Stored records:
....................
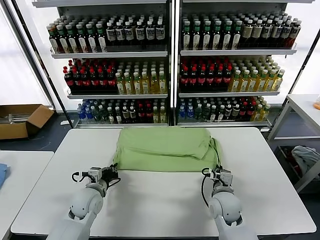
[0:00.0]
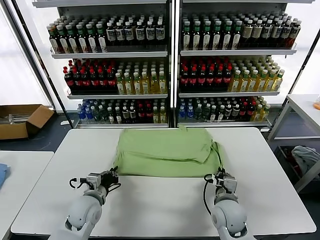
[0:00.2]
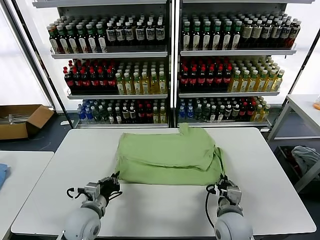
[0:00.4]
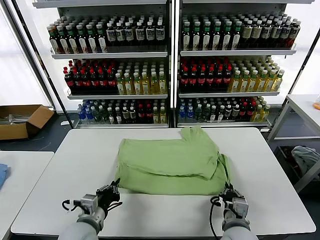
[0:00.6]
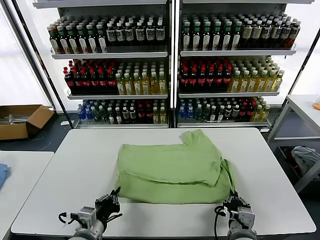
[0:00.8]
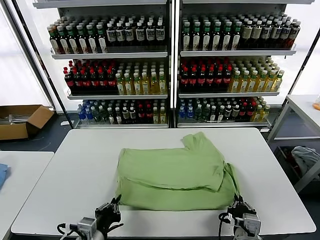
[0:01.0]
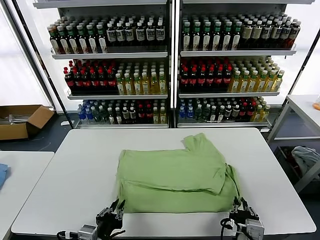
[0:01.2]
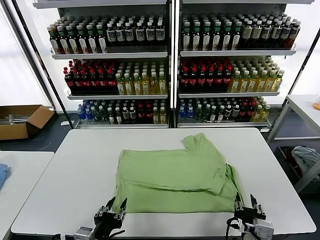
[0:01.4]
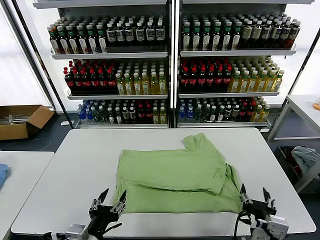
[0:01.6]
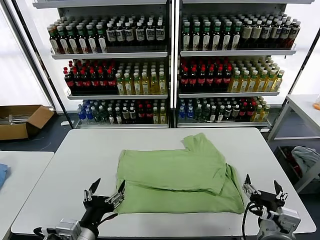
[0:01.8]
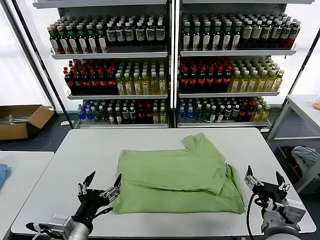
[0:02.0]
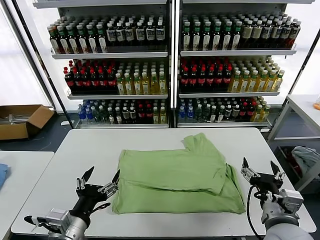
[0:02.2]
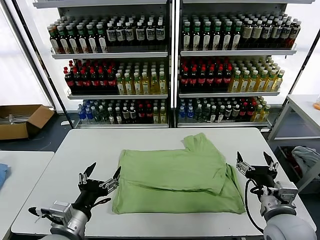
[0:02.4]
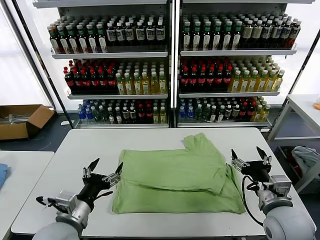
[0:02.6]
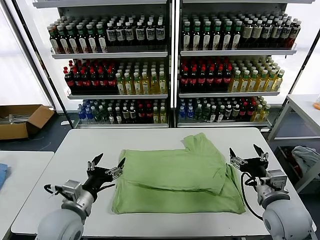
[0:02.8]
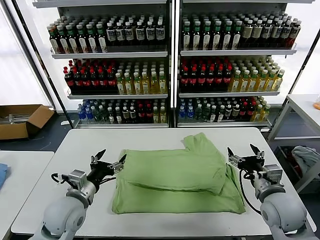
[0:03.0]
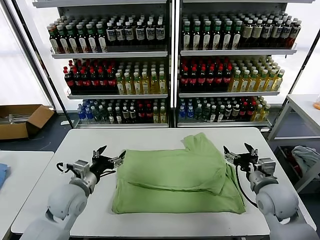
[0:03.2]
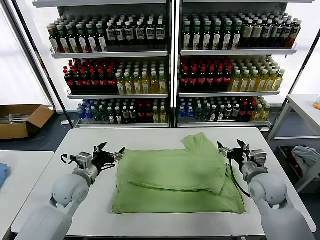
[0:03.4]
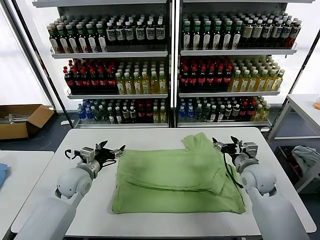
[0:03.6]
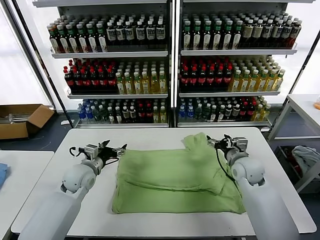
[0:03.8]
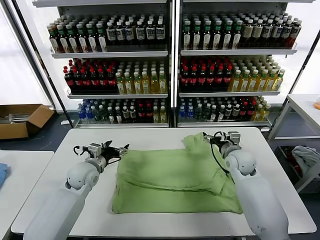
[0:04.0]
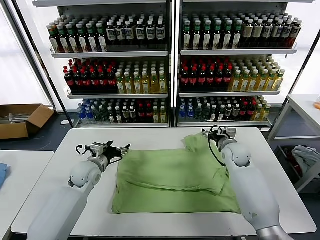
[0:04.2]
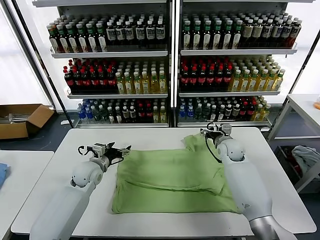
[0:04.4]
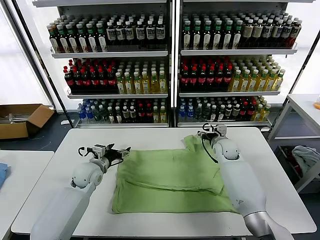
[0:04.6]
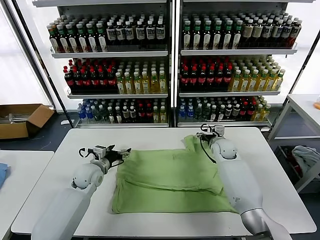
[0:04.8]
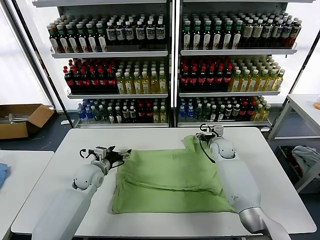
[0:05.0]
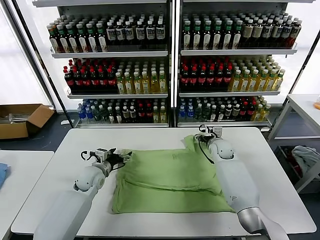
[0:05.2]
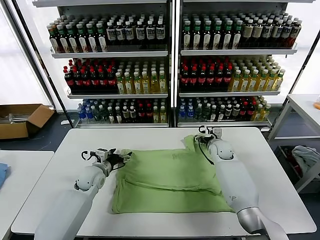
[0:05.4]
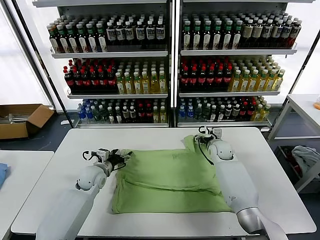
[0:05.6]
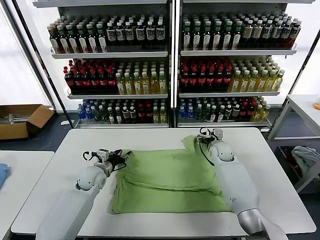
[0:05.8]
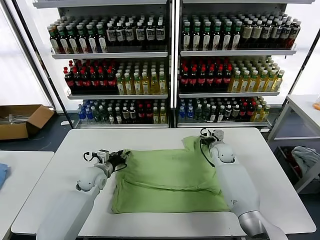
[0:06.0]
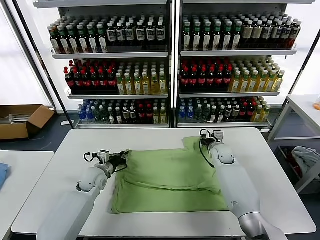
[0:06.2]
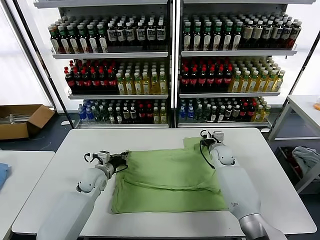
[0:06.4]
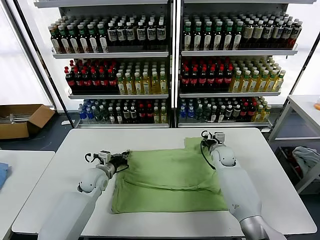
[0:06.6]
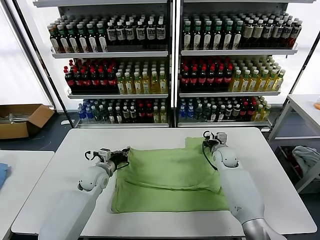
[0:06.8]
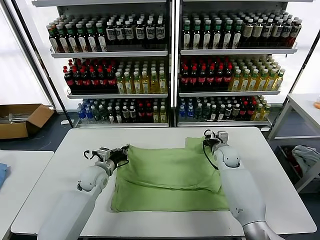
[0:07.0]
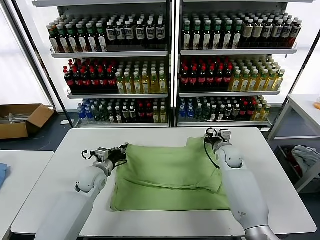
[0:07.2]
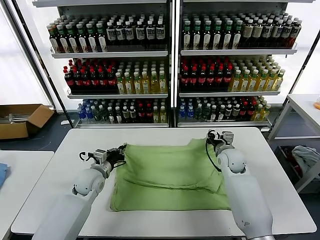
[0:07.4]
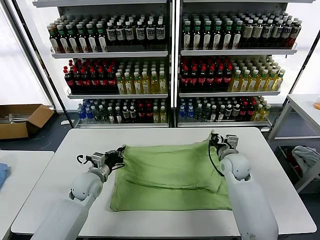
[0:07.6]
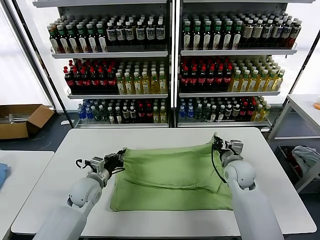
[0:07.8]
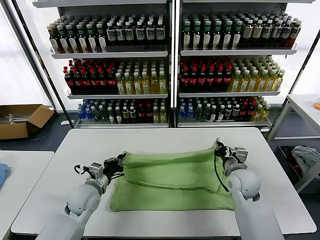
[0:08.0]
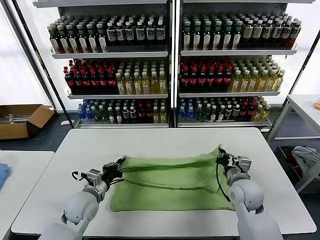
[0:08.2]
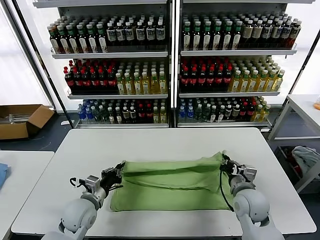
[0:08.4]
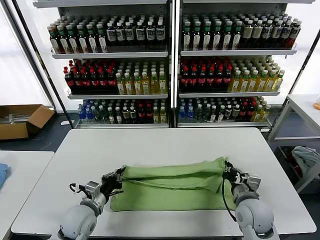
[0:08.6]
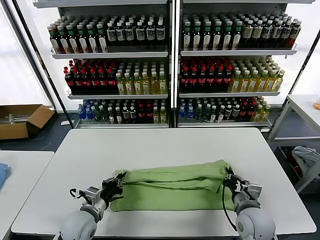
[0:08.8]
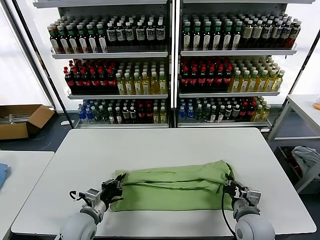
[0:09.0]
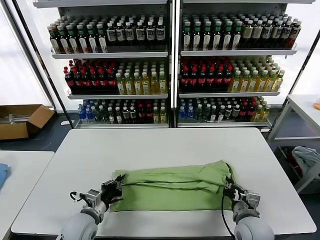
....................
What the task requires: Please give the entries again word for word, without any pictures.

Exercise answer:
[0:00.0]
[0:00.2]
[0:00.4]
[0:00.6]
[0:00.8]
[0:01.0]
[0:01.2]
[0:01.4]
[0:01.6]
[0:01.8]
[0:02.0]
[0:02.2]
[0:02.4]
[0:02.6]
[0:02.8]
[0:03.0]
[0:03.2]
[0:03.4]
[0:03.6]
[0:03.8]
[0:04.0]
[0:04.2]
[0:04.4]
[0:04.6]
[0:04.8]
[0:05.0]
[0:05.2]
[0:05.4]
[0:05.6]
[0:05.8]
[0:06.0]
[0:06.2]
[0:06.4]
[0:06.6]
[0:06.8]
[0:07.0]
[0:07.2]
[0:07.4]
[0:07.6]
[0:07.8]
[0:08.0]
[0:08.2]
[0:08.4]
[0:08.6]
[0:08.8]
[0:09.0]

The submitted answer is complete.